Une ode au désespoir
Zardoz , conte philosophique, vision défaitiste de l’avenir de l’humanité. Film méprisé et critiqué. Malgré ses imperfections et son côté kitsh, Zardoz est un accès à la richesse de l’univers de John Boorman .
En l’an 2293, la Terre est complètement ravagée. La société est divisée en trois grandes catégories : les Éternels, qui forment l’élite érudite possédant le savoir absolu ; les Brutes, représentant les pauvres et les ignares ; et les Exterminateurs. Ces derniers n’ont qu’un seul but : massacrer et asservir les Brutes, sous les ordres de Zardoz, un gigantesque masque de pierre planant dans les cieux.
Zed, un Exterminateur doutant de sa foi envers son dieu unique, se cache dans le masque afin de trouver des réponses à ses questions.Zardoz n’étant qu’une invention des Éternels pour contrôler les autres castes, notre héros est transporté au cœur d’un clan a priori supérieur. Au fur et à mesure de l’aventure, il va tenter de briser ses chaînes en mettant en lumière les confusions de ce monde.
Un regard critique sur les classes sociales
Zardoz aborde de nombreux thèmes : la religion, ou plutôt les organismes sectaires (Zardoz est un dieu absolu contrôlant les populations, lui-même dominé par un groupe d’élus manipulateurs), le rapport entre les classes sociales et surtout, la décadence du monde. Pour en parler,
Boorman tente de mélanger la fable, le mythe et l’anticipation
, à travers une approche esthétique fidèle aux canons psychédéliques de l’époque.
Zardoz
est en effet l’expression d’un rêve éveillé, l’hallucination d’un paradis terrestre dans un monde imaginaire.
La mise en scène constitue ici un véritable « art de raconter ». Les effets spéciaux tels que les jeux de lumière ou les projections sur corps sont maîtrisés de manière saisissante. Tout comme l’utilisation de la plongée et de la contre-plongée est subtilement mise en œuvre , permettant de différencier les castes et de justifier le rapport de domination qui existe entre elles : les Brutes sont filmées en plongée, alors que les Éternels le sont en contre-plongée. Boorman exploite également les reflets ; ceux-ci symbolisent les différentes facettes des personnages de la société dans laquelle ils évoluent.

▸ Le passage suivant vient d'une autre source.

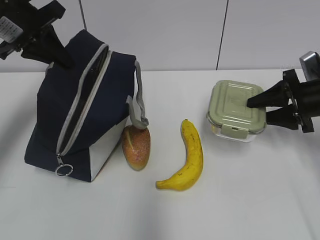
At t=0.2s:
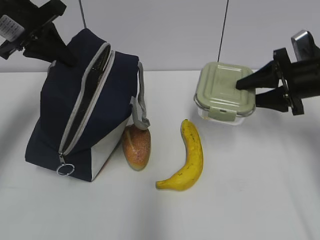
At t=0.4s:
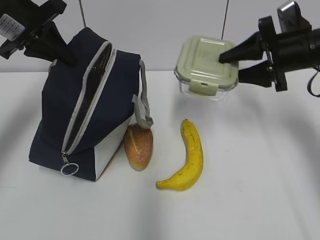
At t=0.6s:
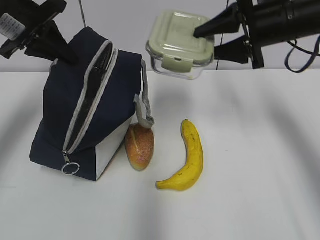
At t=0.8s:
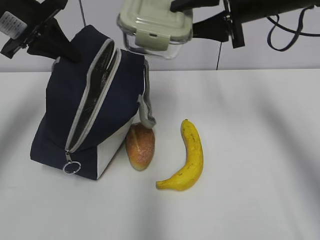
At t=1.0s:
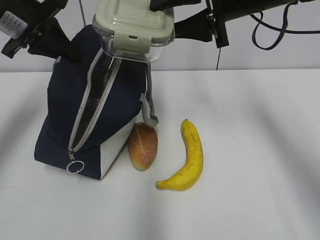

Une réalisation trop chargée ?
Zardoz
possède cependant quelques défauts. D’une part, l’ensemble des acteurs semblent être incontrôlables et manquer de cadre ; ils apparaissent perdus devant la caméra, et leurs différentes manières de jouer forment un mélange confus. Boorman n’y est sans doute pas étranger puisqu’il désire déconstruire et reconstruire certains codes cinématographiques et inventer ainsi un nouveau genre de cinéma.
Un cinéma du possible, sans aucune restriction.
Mais ses tentatives ne sont pas toujours visuellement réussies. Trop de tons sont utilisés (onirique, humoristique, série B, allégorique) pour aborder l’ensemble des sujets qu’il souhaite traiter. L’œuvre devient ainsi totalement étrange et déphasée !
Malgré une photographie vieillie et flashy (Sean Connery en slip rouge vaut le détour), Zardoz est un film intrigant et paradoxal. Tout au long, nous y découvrons avec Zed les différents univers qui constituent ce monde foncièrement sombre. Les Brutes sont des imbéciles soumis, tandis que les Éternels sont parvenus à un degré d’intelligence si élevé qu’ils en deviennent impitoyables. La connaissance serait-elle un fardeau ? Finalement, Zardoz est une ode au désespoir. Boorman nous montre qu’une liberté totale n’existera jamais, que le sauvage est au cœur du civilisé, et que l’être humain est voué à être sans cesse manipulé.